Most Japanese now cannot live without such tech. A prodigious 73% of Japanese homes have a high-tech toilet — that is double the average of dishwashers in Japanese homes to give you an idea of priorities in a country where “clean” is synonymous “beautiful.” So ubiquitous are high-tech toilets that some Japanese, unable to cope with Western paper-only lavatories, take a hand-sized portable electric bidet with them when traveling.

In this gadget-loving country, it seems only natural to the Japanese that technology should be harnessed to create a truly modern lavatorial experience. It all started with an elementary warming of the toilet seat. Since then, Japanese plumbing companies have been loading whistle-and-bell features onto their toilets over the years, and it has reached its zenith in the washlet. Some special-issue toilets even analyze your urine, take your blood pressure, and send the statistics to your doctor via a built-in modem. The latest models can be controlled via smartphone.

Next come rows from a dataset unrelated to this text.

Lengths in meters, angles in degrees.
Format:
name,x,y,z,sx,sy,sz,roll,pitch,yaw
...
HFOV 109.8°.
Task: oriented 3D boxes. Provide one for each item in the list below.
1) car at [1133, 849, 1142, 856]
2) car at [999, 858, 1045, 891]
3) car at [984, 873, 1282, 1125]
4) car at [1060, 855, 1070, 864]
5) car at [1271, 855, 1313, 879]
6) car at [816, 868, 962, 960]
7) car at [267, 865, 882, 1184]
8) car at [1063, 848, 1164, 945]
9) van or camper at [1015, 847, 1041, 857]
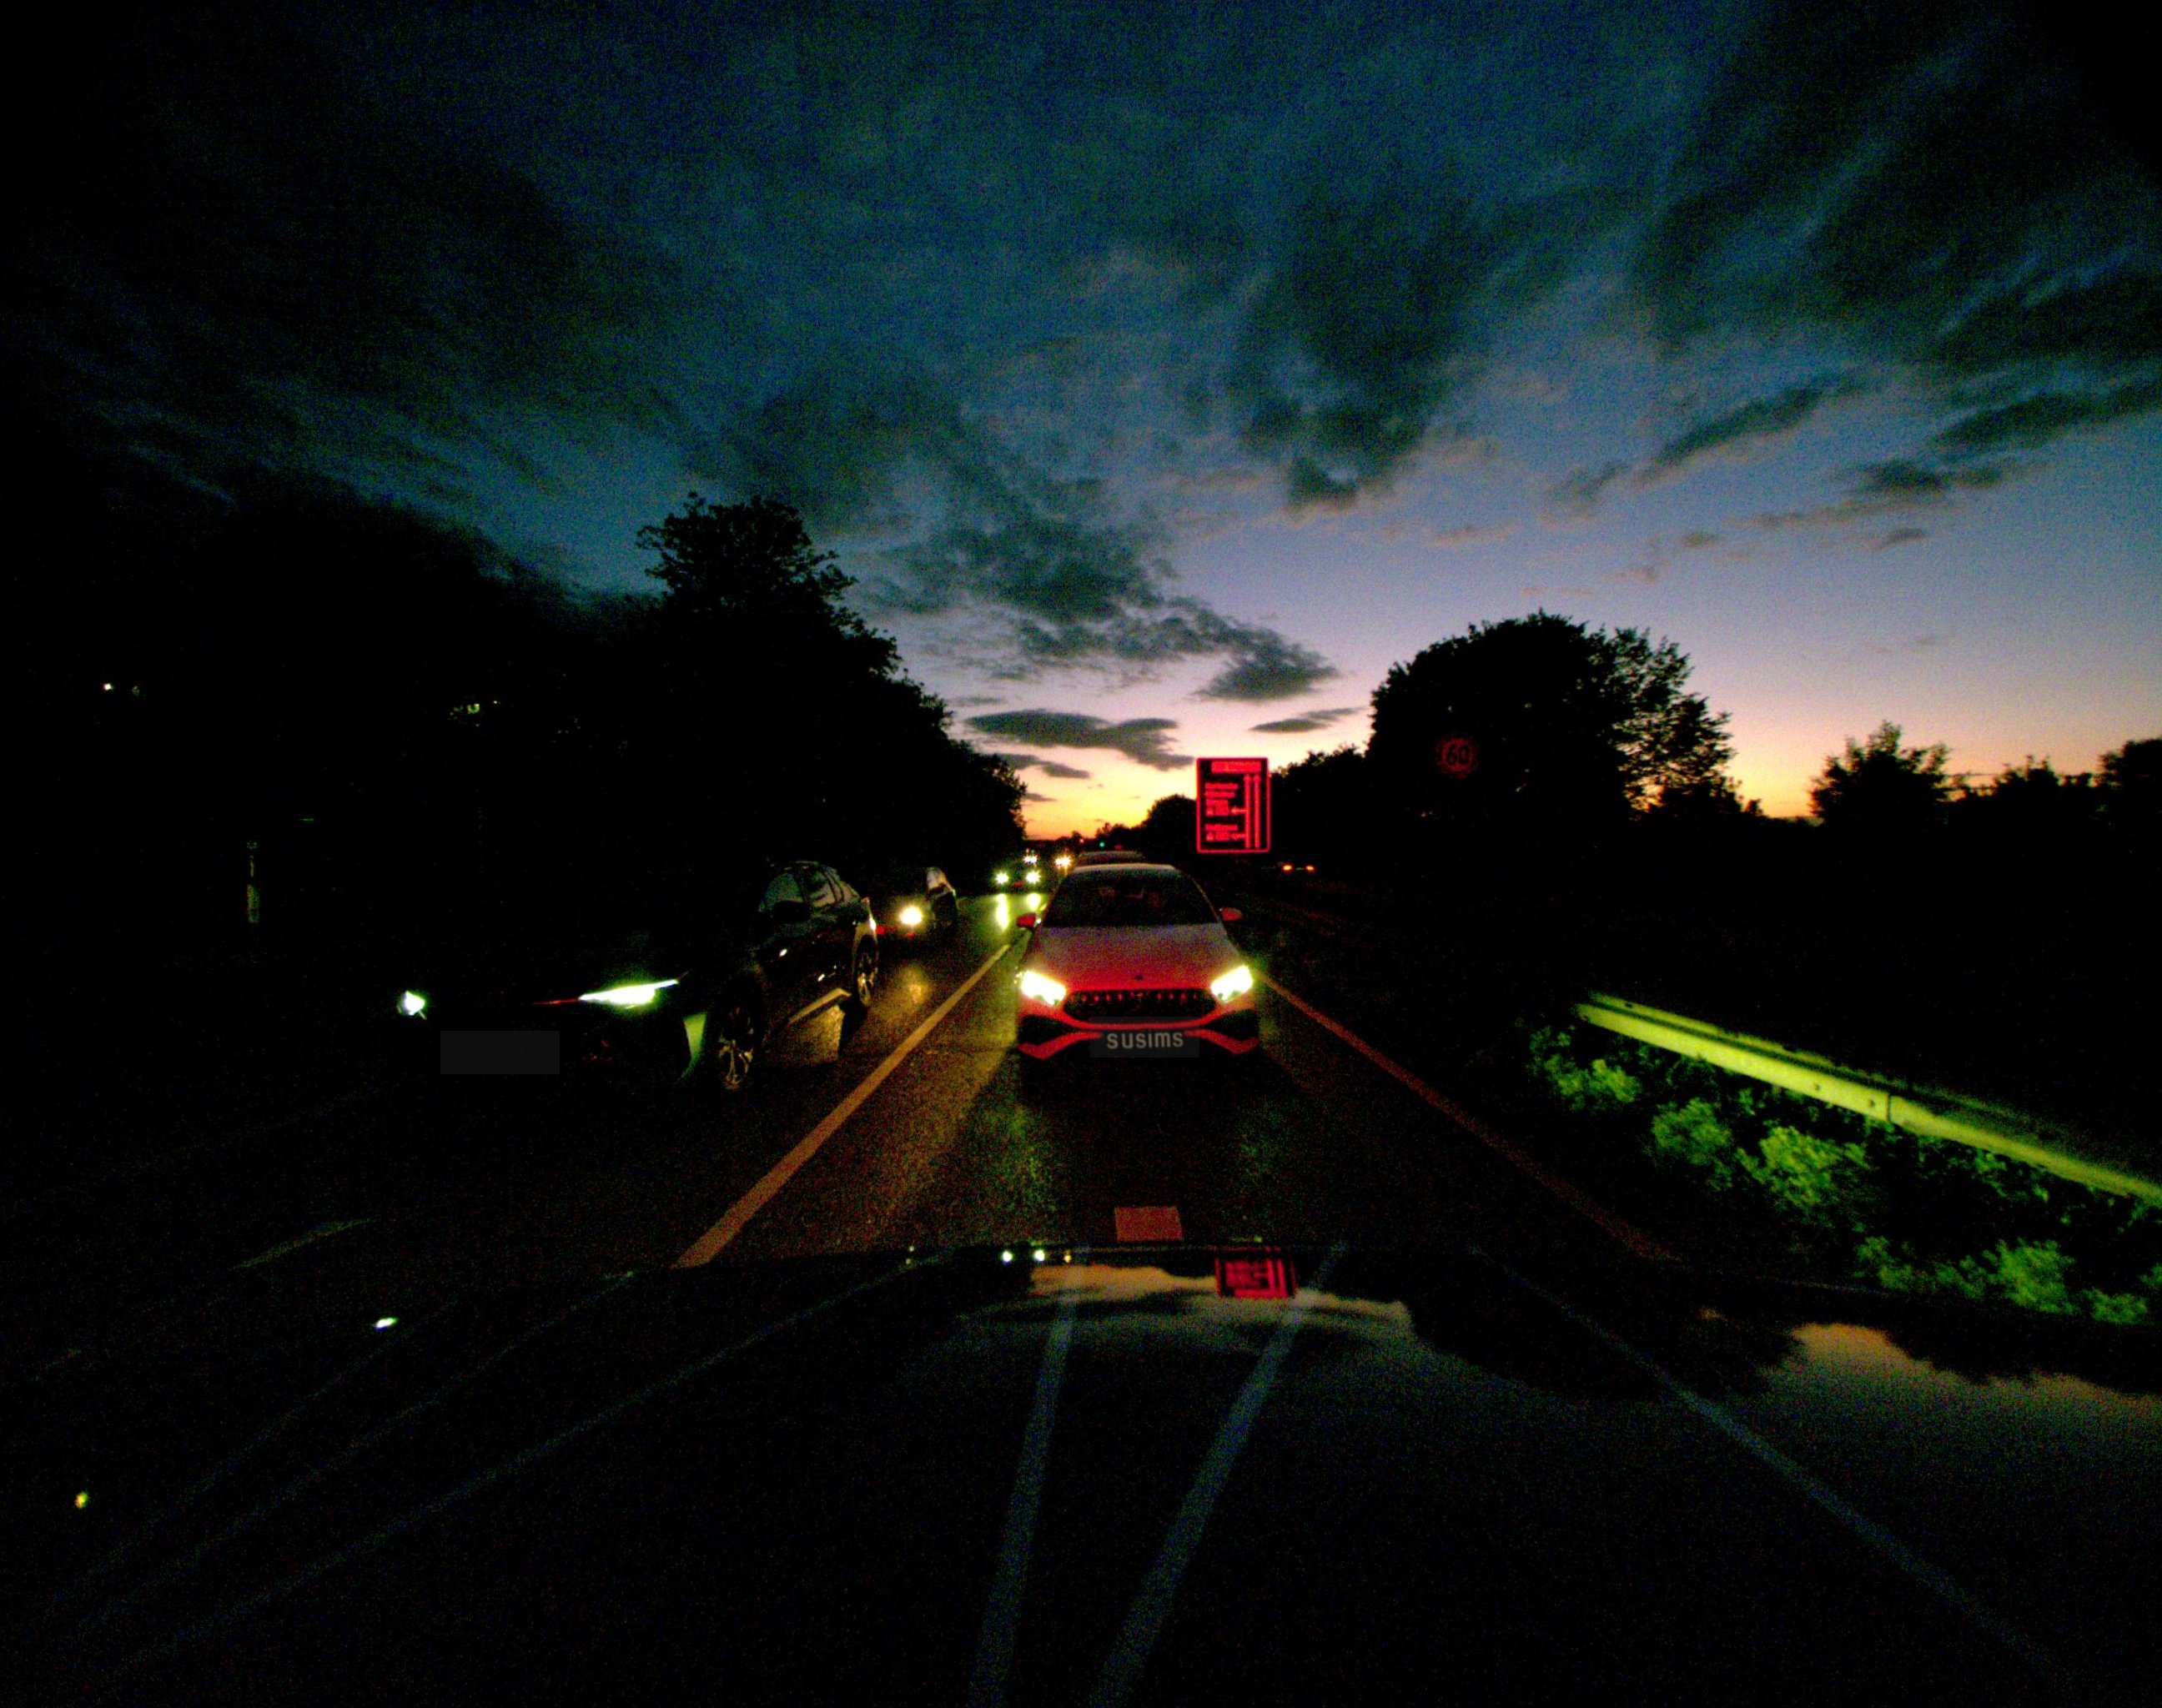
name,x,y,z,sx,sy,sz,roll,pitch,yaw
car,13.433,-0.353,179.636,1.781,1.551,4.000,-2,1,1
car,-2.794,0.953,36.865,1.819,1.360,3.999,-2,1,1
car,0.399,0.987,7.172,1.819,1.428,4.647,-3,0,2
car,-2.631,0.885,126.679,1.606,1.291,3.552,-2,1,-1
car,13.714,0.820,49.580,1.632,1.496,4.591,0,0,2
car,-3.373,1.000,14.057,1.621,1.405,3.756,-1,0,2
car,-3.215,0.926,6.115,1.901,1.547,4.301,-3,0,2
car,0.653,0.784,15.876,1.760,1.692,4.250,-2,0,2
van or camper,-16.497,-0.692,235.160,3.959,3.107,9.916,0,0,-32

The basic washlet is now at the heart of a fierce battle to bring advanced technology to the final frontier of the home — the bathroom. But, despite Toto’s bombastics, sales are still modest in the U.S. Steve Scheer, president of Brondell, a San Francisco startup that manufactures smart loos, says it’s very much a niche market at present, accounting for only 1% of total toilet sales in the U.S. But things are looking up. “While we had about 5-6 years of very flat sales, the last four years have shown substantial growth for Brondell and the product category overall and we expect this trend to continue,” he says.

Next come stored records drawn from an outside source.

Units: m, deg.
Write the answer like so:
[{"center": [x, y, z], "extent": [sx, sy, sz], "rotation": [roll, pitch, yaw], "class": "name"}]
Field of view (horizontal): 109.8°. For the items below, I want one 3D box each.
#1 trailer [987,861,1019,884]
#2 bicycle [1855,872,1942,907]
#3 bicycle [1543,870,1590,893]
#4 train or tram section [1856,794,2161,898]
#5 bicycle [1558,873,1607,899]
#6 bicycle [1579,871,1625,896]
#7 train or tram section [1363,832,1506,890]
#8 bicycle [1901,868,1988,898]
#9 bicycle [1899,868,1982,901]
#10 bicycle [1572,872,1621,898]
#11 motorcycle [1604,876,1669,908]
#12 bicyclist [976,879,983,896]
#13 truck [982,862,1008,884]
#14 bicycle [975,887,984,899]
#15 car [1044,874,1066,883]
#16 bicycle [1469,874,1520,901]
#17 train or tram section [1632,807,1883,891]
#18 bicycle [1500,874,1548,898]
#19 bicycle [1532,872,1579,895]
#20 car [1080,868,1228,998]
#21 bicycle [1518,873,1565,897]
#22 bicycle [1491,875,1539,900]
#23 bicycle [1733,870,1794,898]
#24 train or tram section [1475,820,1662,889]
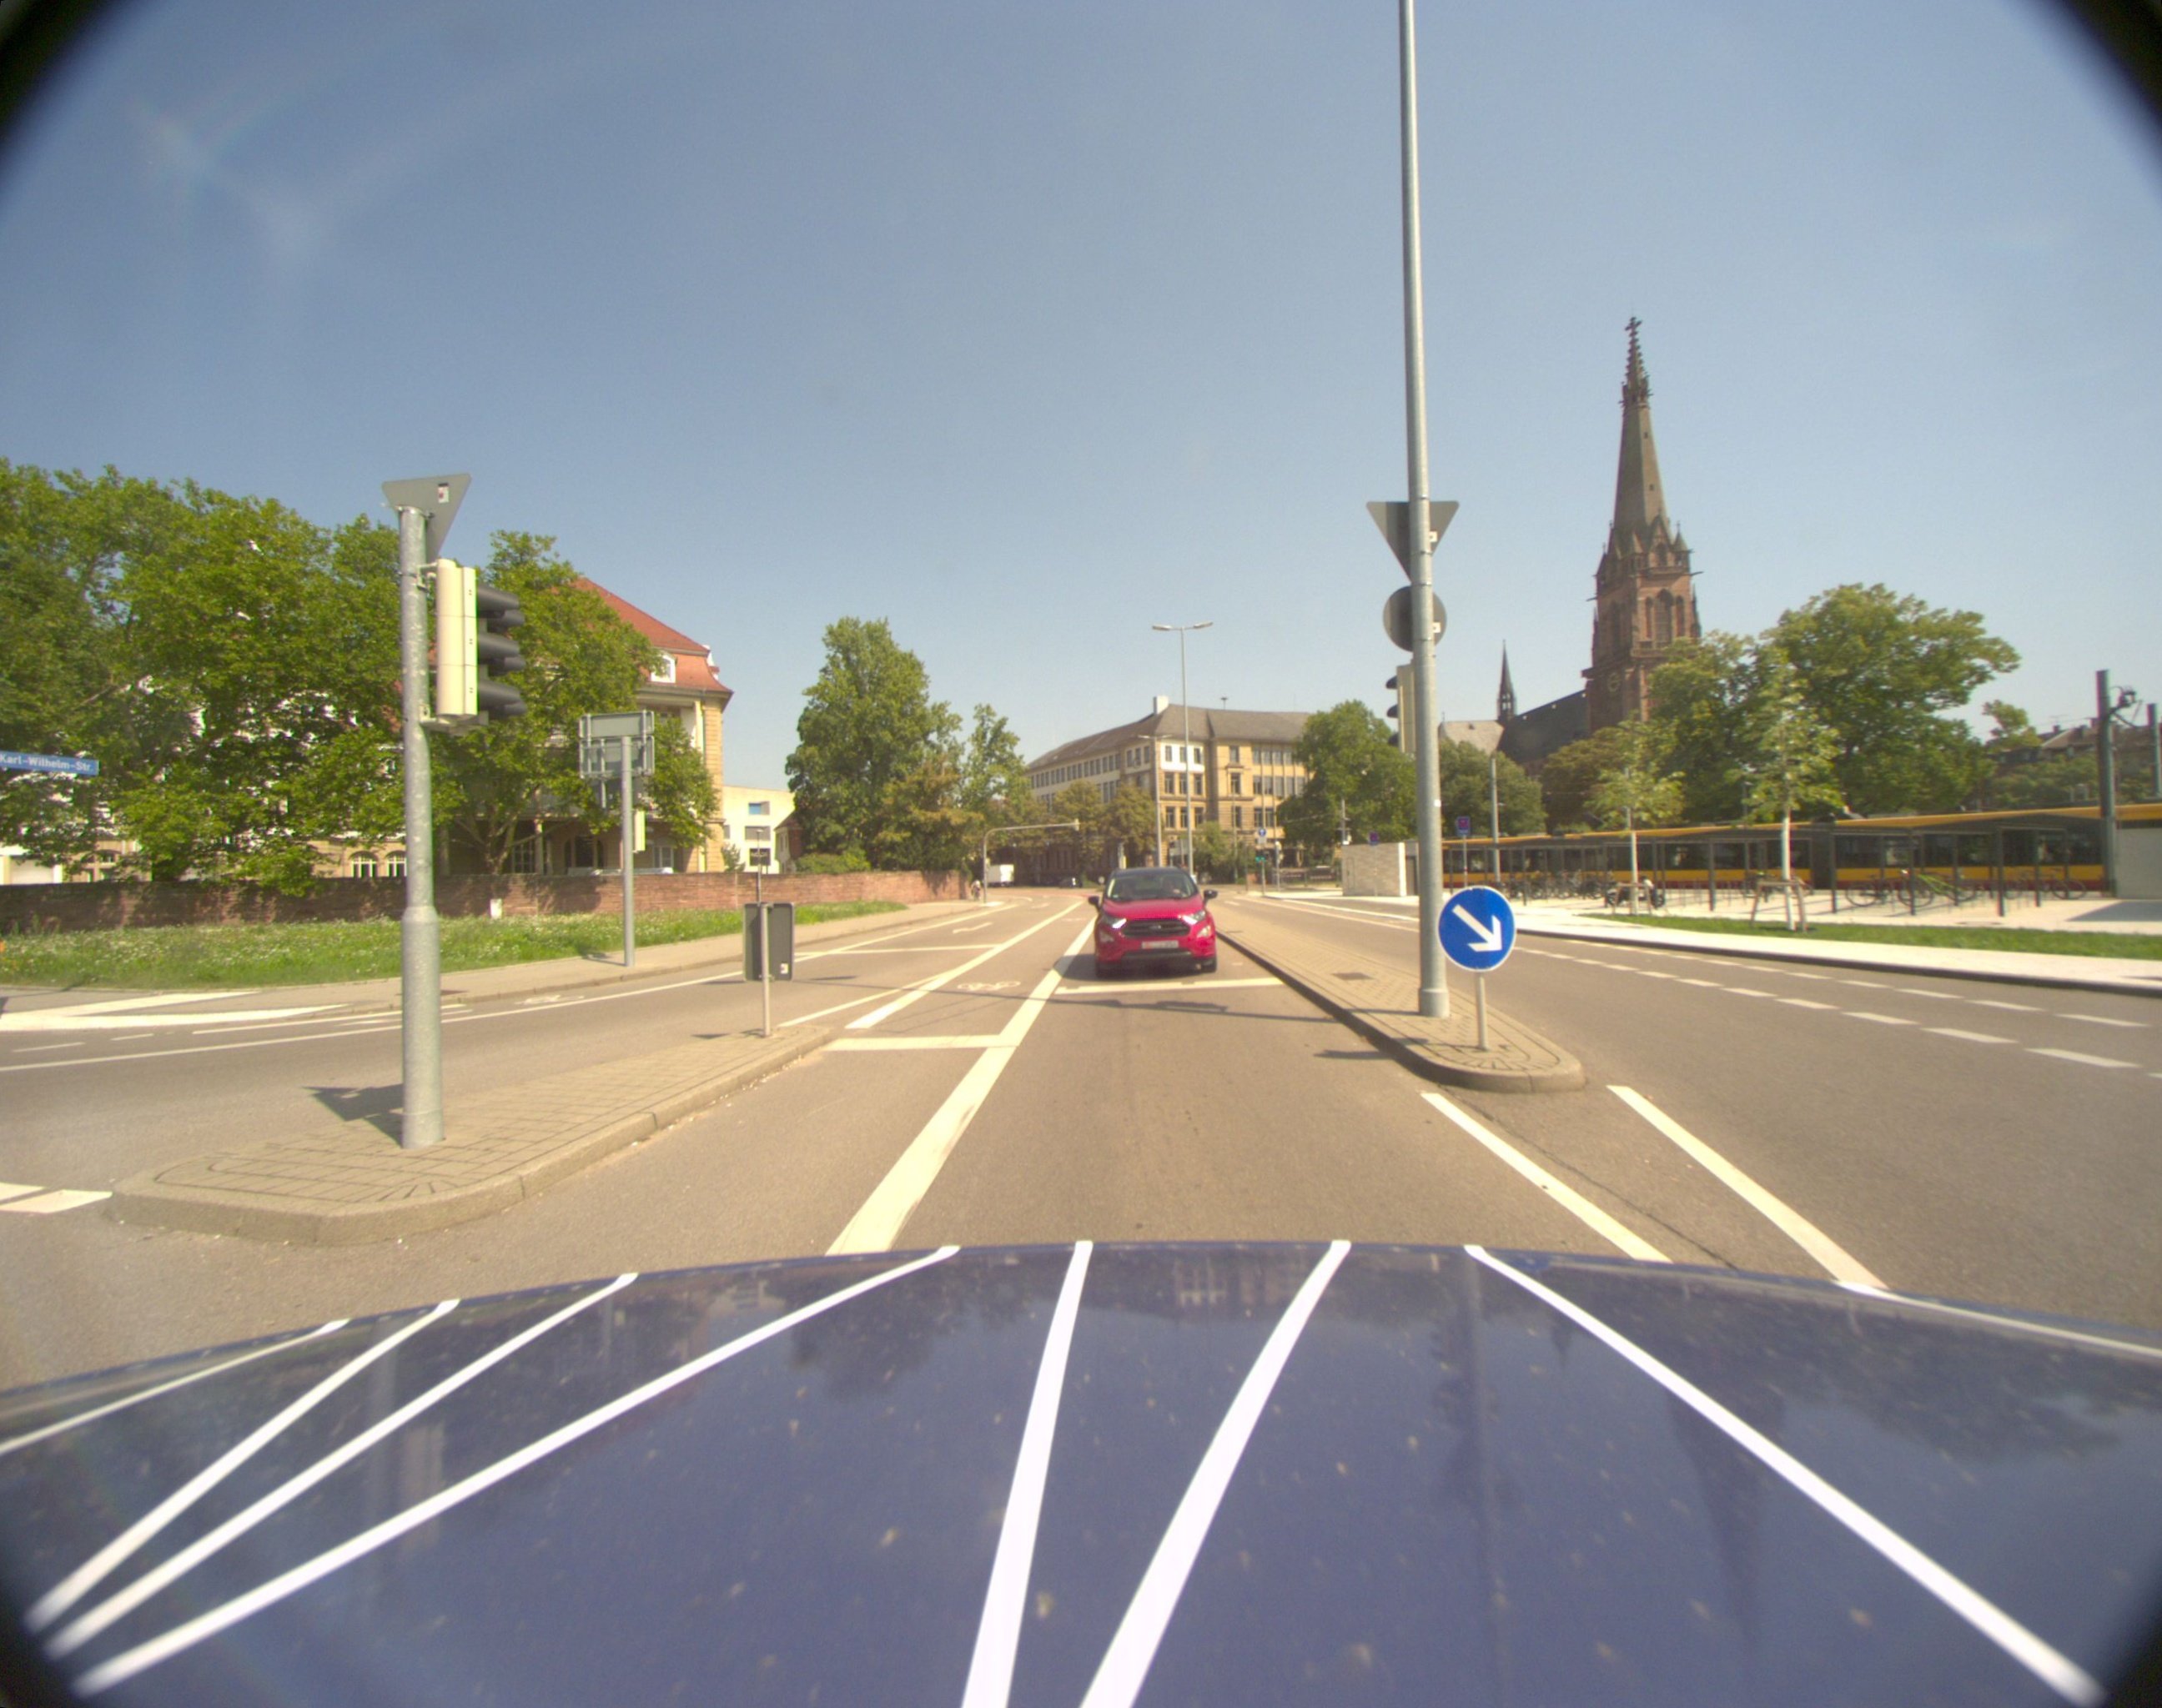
[{"center": [-11.471, 2.793, 111.651], "extent": [2.446, 3.268, 5.077], "rotation": [-1, -1, -34], "class": "trailer"}, {"center": [24.609, 1.064, 22.905], "extent": [0.514, 1.034, 1.730], "rotation": [0, -2, -38], "class": "bicycle"}, {"center": [22.640, 1.291, 35.472], "extent": [0.528, 1.034, 1.766], "rotation": [-1, -1, -29], "class": "bicycle"}, {"center": [36.920, -0.116, 29.991], "extent": [3.167, 3.575, 8.229], "rotation": [0, -3, -32], "class": "train or tram section"}, {"center": [20.759, 1.317, 31.484], "extent": [0.413, 1.034, 1.637], "rotation": [-1, -1, -29], "class": "bicycle"}, {"center": [22.668, 1.275, 33.088], "extent": [0.413, 1.034, 1.637], "rotation": [-1, -1, -29], "class": "bicycle"}, {"center": [23.688, 0.600, 51.482], "extent": [3.143, 3.538, 8.311], "rotation": [0, -3, -32], "class": "train or tram section"}, {"center": [28.919, 0.979, 25.482], "extent": [0.514, 0.979, 1.853], "rotation": [-1, -2, -33], "class": "bicycle"}, {"center": [27.658, 0.987, 24.494], "extent": [0.514, 1.034, 1.730], "rotation": [0, -2, -44], "class": "bicycle"}, {"center": [21.656, 1.299, 31.944], "extent": [0.413, 1.034, 1.637], "rotation": [-1, -1, -29], "class": "bicycle"}, {"center": [19.446, 1.331, 26.621], "extent": [0.492, 1.062, 1.776], "rotation": [-1, -1, -29], "class": "motorcycle"}, {"center": [-7.855, 2.581, 58.553], "extent": [0.433, 1.225, 0.541], "rotation": [-2, -1, 1], "class": "bicyclist"}, {"center": [-12.938, 2.890, 113.873], "extent": [2.434, 3.268, 3.419], "rotation": [-1, -1, -34], "class": "truck"}, {"center": [-7.846, 3.007, 58.493], "extent": [0.437, 0.807, 1.486], "rotation": [-2, -1, 1], "class": "bicycle"}, {"center": [-3.788, 3.635, 112.507], "extent": [3.064, 1.169, 1.248], "rotation": [-1, -1, -36], "class": "car"}, {"center": [17.519, 1.422, 32.246], "extent": [0.528, 1.075, 1.861], "rotation": [-1, -1, -29], "class": "bicycle"}, {"center": [32.544, -0.029, 37.097], "extent": [3.167, 3.575, 8.508], "rotation": [0, -3, -32], "class": "train or tram section"}, {"center": [19.261, 1.388, 33.053], "extent": [0.528, 1.034, 1.766], "rotation": [-1, -1, -29], "class": "bicycle"}, {"center": [21.712, 1.342, 34.775], "extent": [0.528, 1.034, 1.766], "rotation": [-1, -1, -29], "class": "bicycle"}, {"center": [1.056, 1.079, 11.845], "extent": [1.844, 1.604, 4.002], "rotation": [-3, -1, 3], "class": "car"}, {"center": [20.592, 1.393, 34.022], "extent": [0.528, 1.034, 1.766], "rotation": [-1, -1, -29], "class": "bicycle"}, {"center": [18.659, 1.442, 32.684], "extent": [0.528, 1.034, 1.766], "rotation": [-1, -1, -29], "class": "bicycle"}, {"center": [25.518, 1.114, 28.432], "extent": [0.413, 1.034, 1.637], "rotation": [-1, -1, -29], "class": "bicycle"}, {"center": [28.096, 0.190, 44.335], "extent": [3.167, 3.575, 8.508], "rotation": [0, -3, -32], "class": "train or tram section"}]

Janice Costa, editor of Kitchen & Bath Design News, argues that the recent economic upturn has been good for the washlet and its kin, and that the market may be growing at the very high end. “Technology is increasingly gaining a foothold in the bathroom and we’re seeing it in everything from programmable showers with blue-tooth-enabled shower heads to high-tech toilets,” she says. “There is more interest in high-tech bath products overall, with the greatest growth in water conservation and luxury features (i.e. heated seats).”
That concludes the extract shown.